Recent-ish Reads, May 8, 2025
A few more curated gooders for you on process-relational reality.

A few more curated gooders for you.
Art and Relational Reality: I really enjoyed these conversational snippets from Ursula K. Le Guin. "One of the functions of art is to give people the words to know their own experience. There are always areas of vast silence in any culture, and part of an artist’s job is to go into those areas and come back from the silence with something to say." (From 2018, but timeless, and recirculated in a recent Marginalian "Midweek Sanity Oasis" newsletter which I also recommend.)

Politics:
- Bearing in mind that process-relationality points beyond Euro-Western liberal and/or socialist models, this article's forceful argument for an affirmative political vision aligns well with process-relational "individuality without individualism" right from the opening epigraphs.

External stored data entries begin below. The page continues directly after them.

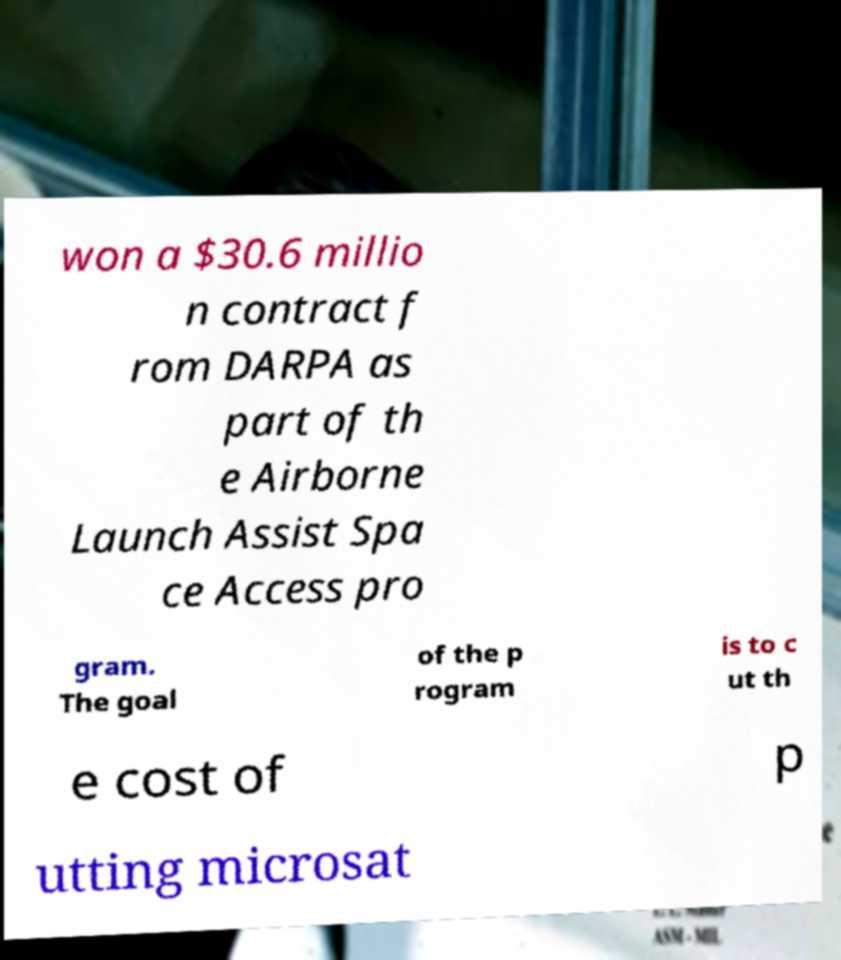What messages or text are displayed in this image? I need them in a readable, typed format. won a $30.6 millio n contract f rom DARPA as part of th e Airborne Launch Assist Spa ce Access pro gram. The goal of the p rogram is to c ut th e cost of p utting microsat 
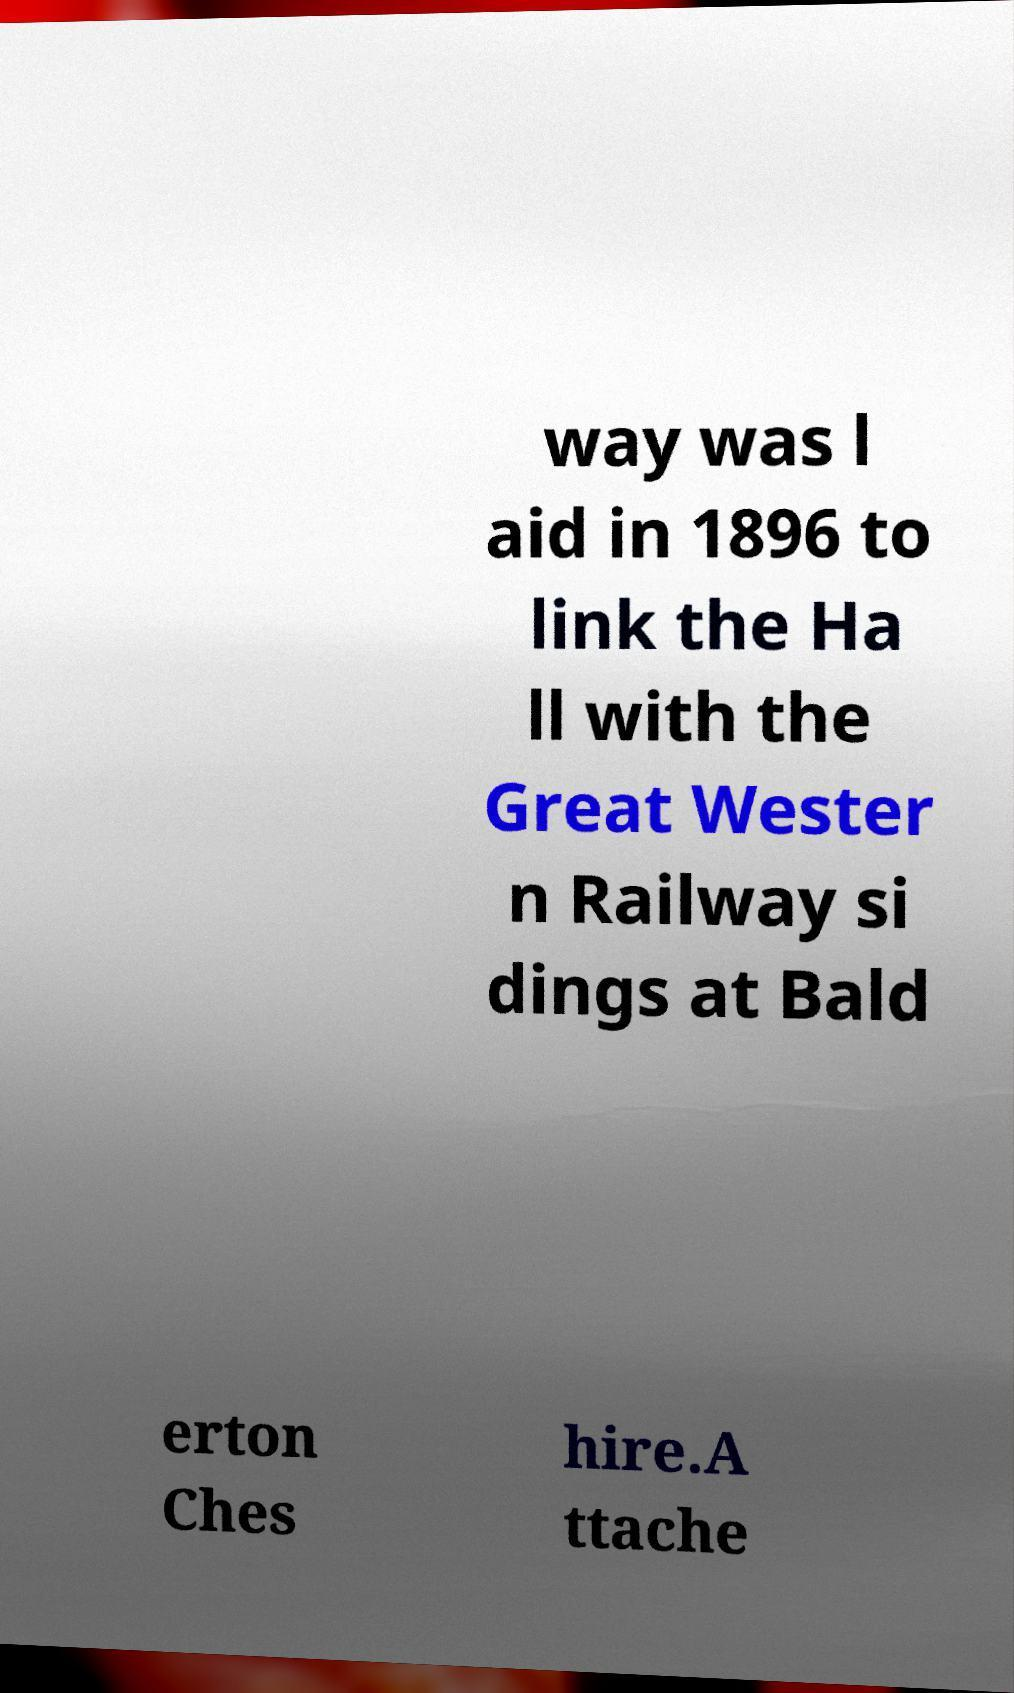Can you read and provide the text displayed in the image?This photo seems to have some interesting text. Can you extract and type it out for me? way was l aid in 1896 to link the Ha ll with the Great Wester n Railway si dings at Bald erton Ches hire.A ttache 
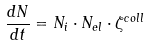Convert formula to latex. <formula><loc_0><loc_0><loc_500><loc_500>\frac { d N } { d t } = N _ { i } \cdot N _ { e l } \cdot \zeta ^ { c o l l }</formula> 
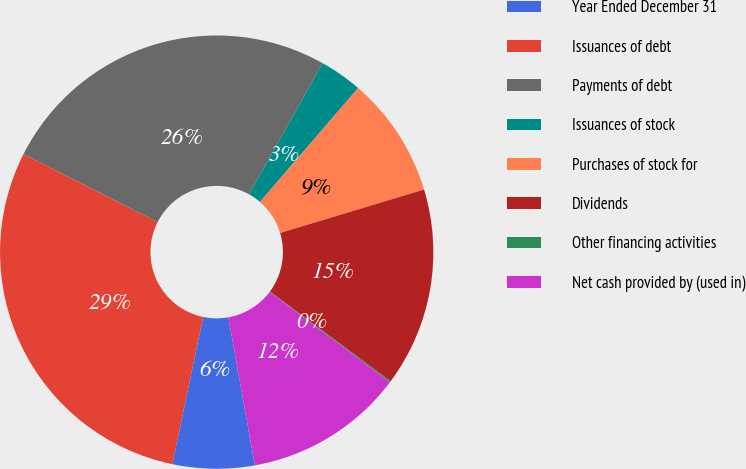<chart> <loc_0><loc_0><loc_500><loc_500><pie_chart><fcel>Year Ended December 31<fcel>Issuances of debt<fcel>Payments of debt<fcel>Issuances of stock<fcel>Purchases of stock for<fcel>Dividends<fcel>Other financing activities<fcel>Net cash provided by (used in)<nl><fcel>6.1%<fcel>29.2%<fcel>25.66%<fcel>3.19%<fcel>9.01%<fcel>14.83%<fcel>0.1%<fcel>11.92%<nl></chart>

- Naomi Klein again, on putting profit and power (i.e., map-metaphysics) over people and planet (i.e., process-relational reality). Also shock doctrine, AI worship, and the Pope. The interview is paywalled, but Rolling Stone is $4.79 a month and it's one of the few journalistic publications meeting the moment.

Law and Ecology: A lovely, meandering book review that stands on its own and also got me to pre-order the book. And it uses the word ontological. Twice!

Cognitive Science and Technology: If you want to continue on a cognitive science kick, this one's worth it for the illustrations alone (see above), though the article itself is also a genuinely fascinating read about the entangled mutual advancement of biological cognitive science and artificial "neural networks."

Technology and Culture: I read this one by the always-engaging Jia Tolentino as an indication of how desperately we need methodological and metaphysical moorings to ground us in reality's terrain, and how much current techno-capitalist trends tend to bury that reality under left-brained algorithmic bullshit, undermining "the equipment—our will, our instincts, our sense of purchase—with which we handle the task of being alive." (See also "ChatGPT Is Bullshit," an academic article from last year.)

Technology, Culture, Ecology, and Antitrust: This wide-ranging, much more optimistic take on technology's liberatory possibilities is grounded in a thoroughly regenerative and process-relational understanding of how things work when they work well. "Herded into rigid tech plantations rather than functioning, diverse ecosystems, it’s tough to imagine alternatives. ... Rewilding unites everything we know we need to do and brings with it a whole new toolbox and vision."